These are difficult times for our neighborhoods, cities, nation, and the world at large. I have felt and continue to feel exhausted, while at the same time extremely energized. As a person of color, I cannot aptly put into words the rawness of what this year has been, let alone the weeks following George Floyd’s death. In all, I have learned gratitude that I have had avenues to drive my emotions to safety. I am also grateful for my fellow Vincentians who have taken the time to not only learn but to attempt empathy.
The “Hope in the Face of Racism” webinar series was in itself a difficult lesson for me, personally. Within the cradle of my faith, I faced the uncomfortable reality that there were some with whom I broke bread that did not see the injustices towards people of color. I asked the Lord simply “why?” Why would the way He made me would bring out such ugliness from my fellow brothers and sisters?

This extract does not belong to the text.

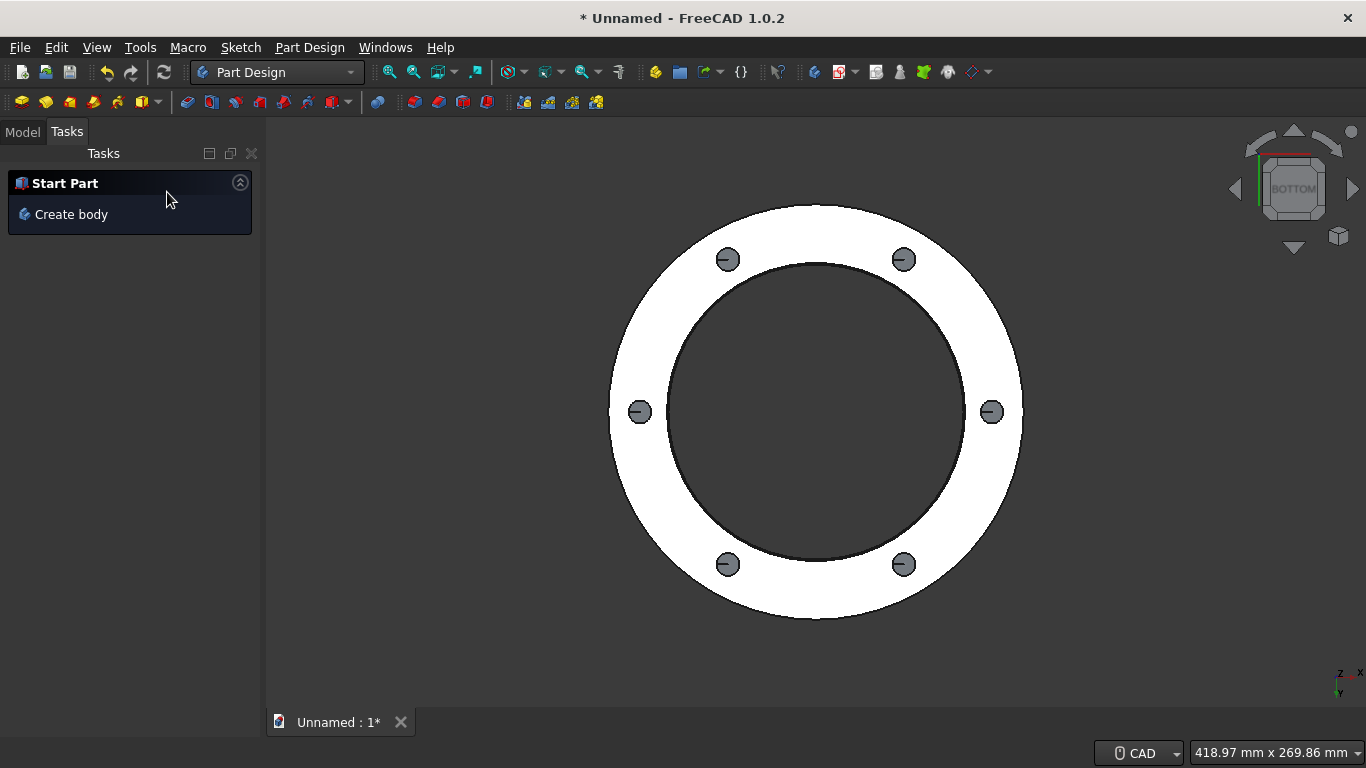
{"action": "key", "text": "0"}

I am truly thankful to our President, Ralph Middlecamp, and to my fellow Vincentians on both the African American Task Force and the Voice of the Poor Committee for our work on the webinars. I struggled with how I could be asked to help people understand a 400-year-old problem of racial injustice. The vulnerabilities within me were struggling to quieten the raging pain. If people could not have learned from giants like Dr. Martin Luther King Jr., Rosa Parks, James Baldwin, Blessed Frederic Ozanam, or St Vincent de Paul, why would they hear little old me? Then it came to me: I am but a vessel that has been brought here. A mere conduit so that we do not lose our way as we journey.
What this moment asks of us as Vincentians is not to examine the whys, but instead to hold the hands of our communities while we go back to the basics. To teach by our ways. “They will know we are Christians by our love.” I believe racism is not something one is born with, but rather a learned behavior. We can teach our families, fellow parishioners, and the communities we live and serve in that it is possible to “unlearn” through love. For our nation is “the traveler who has been stripped of clothing, beaten, and left half dead alongside the road.” To come to the aid of others does not diminish who we are.
If we are to live out our Gospel values, can we also preface our actions with a question of whether we should answer the call or not? If no work of Charity is foreign to us, what is it that we are seeking at this moment? Should we not just get to work? COVID19 has robbed our communities of so much. From an inability to mourn our dead to the total disconnect brought about by the shelter in place and social distancing at a time when we need to simply hug. The emotional hunger that so many are struggling with is exacerbated further by job losses.
In the weeks ahead as the moratorium on evictions are coming to an end, the calls for help will be overwhelming. The brunt of these evictions will be carried by the very groups who have the most Coronavirus infections, the most deaths. Our energies should be towards learning. If we allow the Holy Spirit to guide us through creating a safe space to get to know one another better, there will be no limitations to what we can achieve. This “space” will allow us to refocus our gaze on Christ and the work He beckons us to be present for.
We need to open our hearts and then expand them. Today the plight of the African Americans is front and center, but there are still children that are separated from their parents. Children still living in deplorable conditions. The problems that have riddled Native Americans for generations are still in play. We cannot be complacent when the need is so great. Our Vincentian family is a large one with many talents that the Good Lord has graced us with. Let our “Hope in Action” have the courage to work towards facilitating the changes to policies that discriminate.